TASK STATEMENT »
Return every record below exactly as given, images excluded.

===

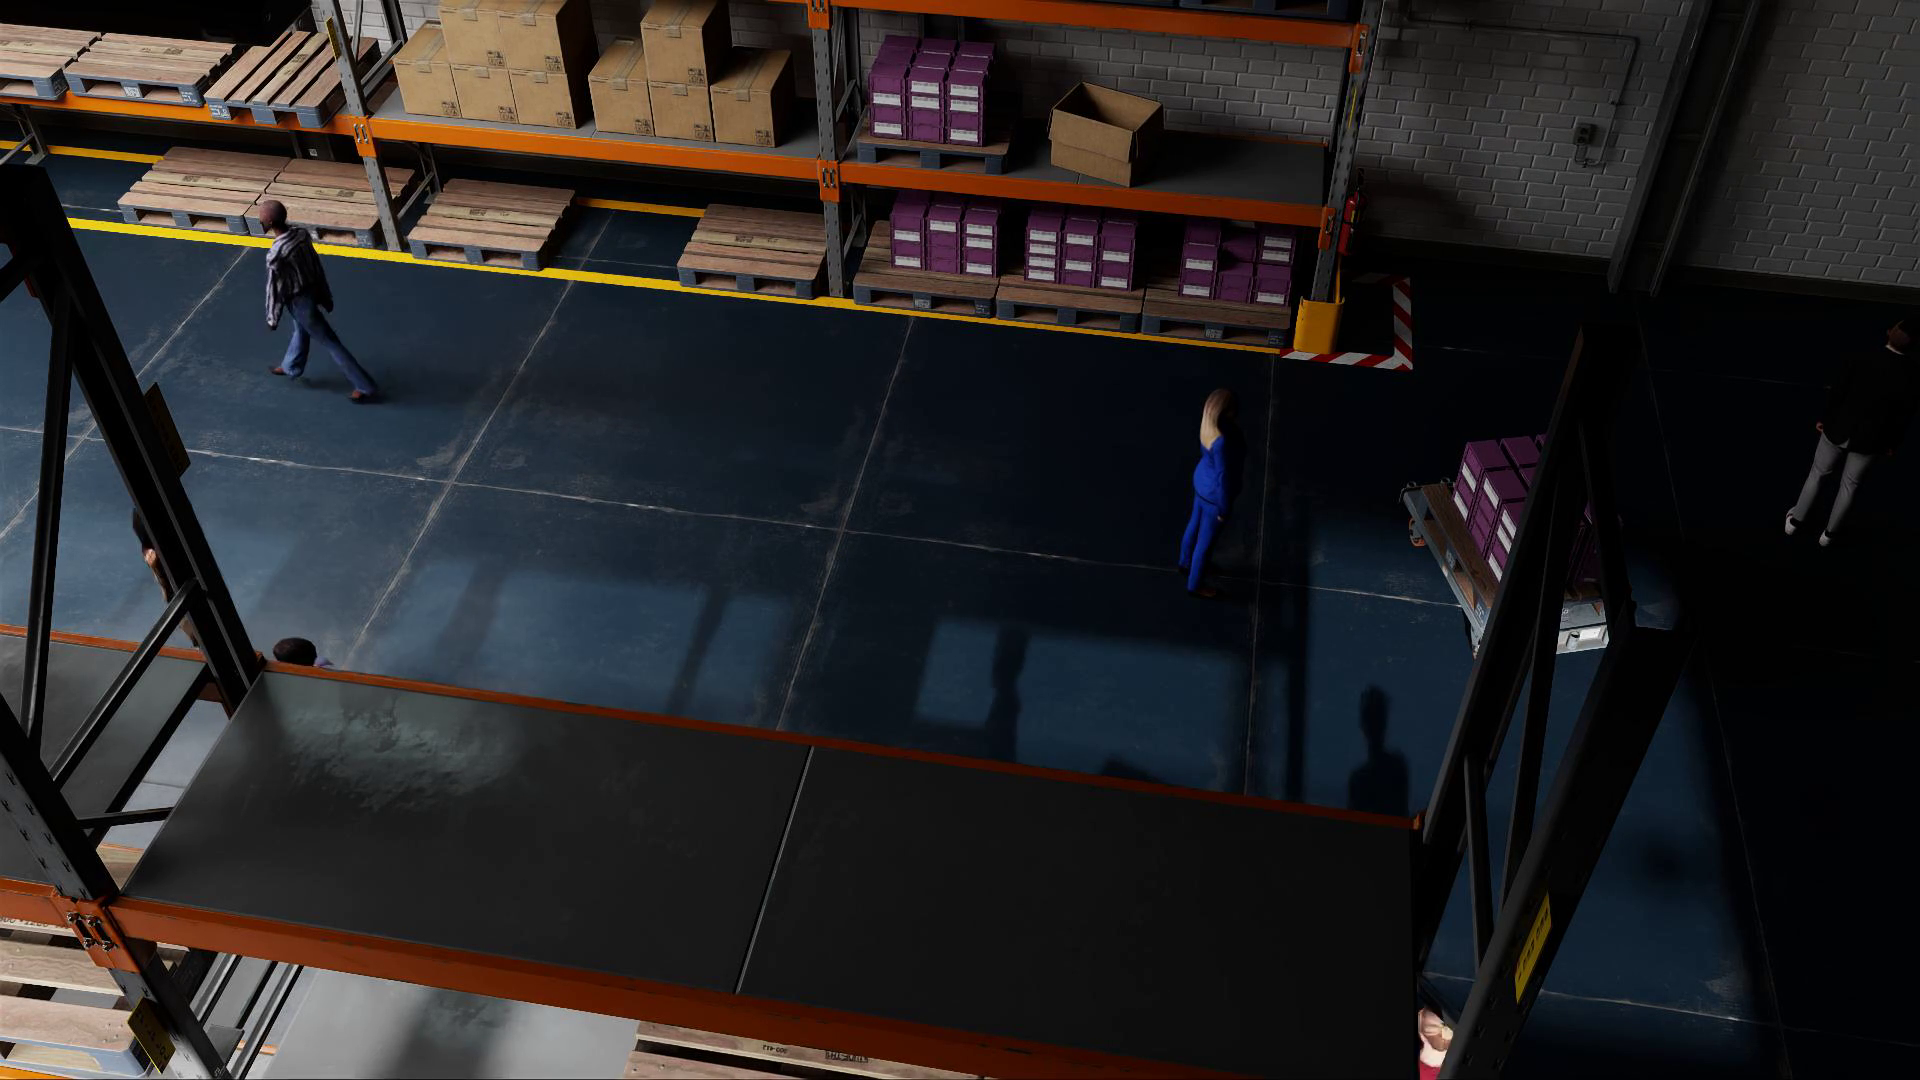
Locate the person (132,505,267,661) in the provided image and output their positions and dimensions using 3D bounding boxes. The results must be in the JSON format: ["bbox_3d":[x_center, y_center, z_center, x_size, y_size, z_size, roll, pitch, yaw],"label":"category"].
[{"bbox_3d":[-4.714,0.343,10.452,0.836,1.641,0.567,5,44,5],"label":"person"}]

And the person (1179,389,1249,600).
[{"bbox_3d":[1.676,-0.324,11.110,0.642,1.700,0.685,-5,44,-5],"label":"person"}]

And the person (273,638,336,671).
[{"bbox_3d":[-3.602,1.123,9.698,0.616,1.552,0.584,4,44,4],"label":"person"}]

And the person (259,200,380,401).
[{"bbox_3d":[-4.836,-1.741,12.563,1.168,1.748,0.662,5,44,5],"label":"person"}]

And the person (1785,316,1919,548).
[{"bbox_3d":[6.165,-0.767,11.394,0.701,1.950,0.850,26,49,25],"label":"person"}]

===

SOLUTION FOR THIS EXERCISE »
Locate the person (132,505,267,661) in the provided image and output their positions and dimensions using 3D bounding boxes. The results must be in the JSON format: ["bbox_3d":[x_center, y_center, z_center, x_size, y_size, z_size, roll, pitch, yaw],"label":"category"].
[{"bbox_3d":[-4.714,0.343,10.452,0.836,1.641,0.567,5,44,5],"label":"person"}]

And the person (1179,389,1249,600).
[{"bbox_3d":[1.676,-0.324,11.110,0.642,1.700,0.685,-5,44,-5],"label":"person"}]

And the person (273,638,336,671).
[{"bbox_3d":[-3.602,1.123,9.698,0.616,1.552,0.584,4,44,4],"label":"person"}]

And the person (259,200,380,401).
[{"bbox_3d":[-4.836,-1.741,12.563,1.168,1.748,0.662,5,44,5],"label":"person"}]

And the person (1785,316,1919,548).
[{"bbox_3d":[6.165,-0.767,11.394,0.701,1.950,0.850,26,49,25],"label":"person"}]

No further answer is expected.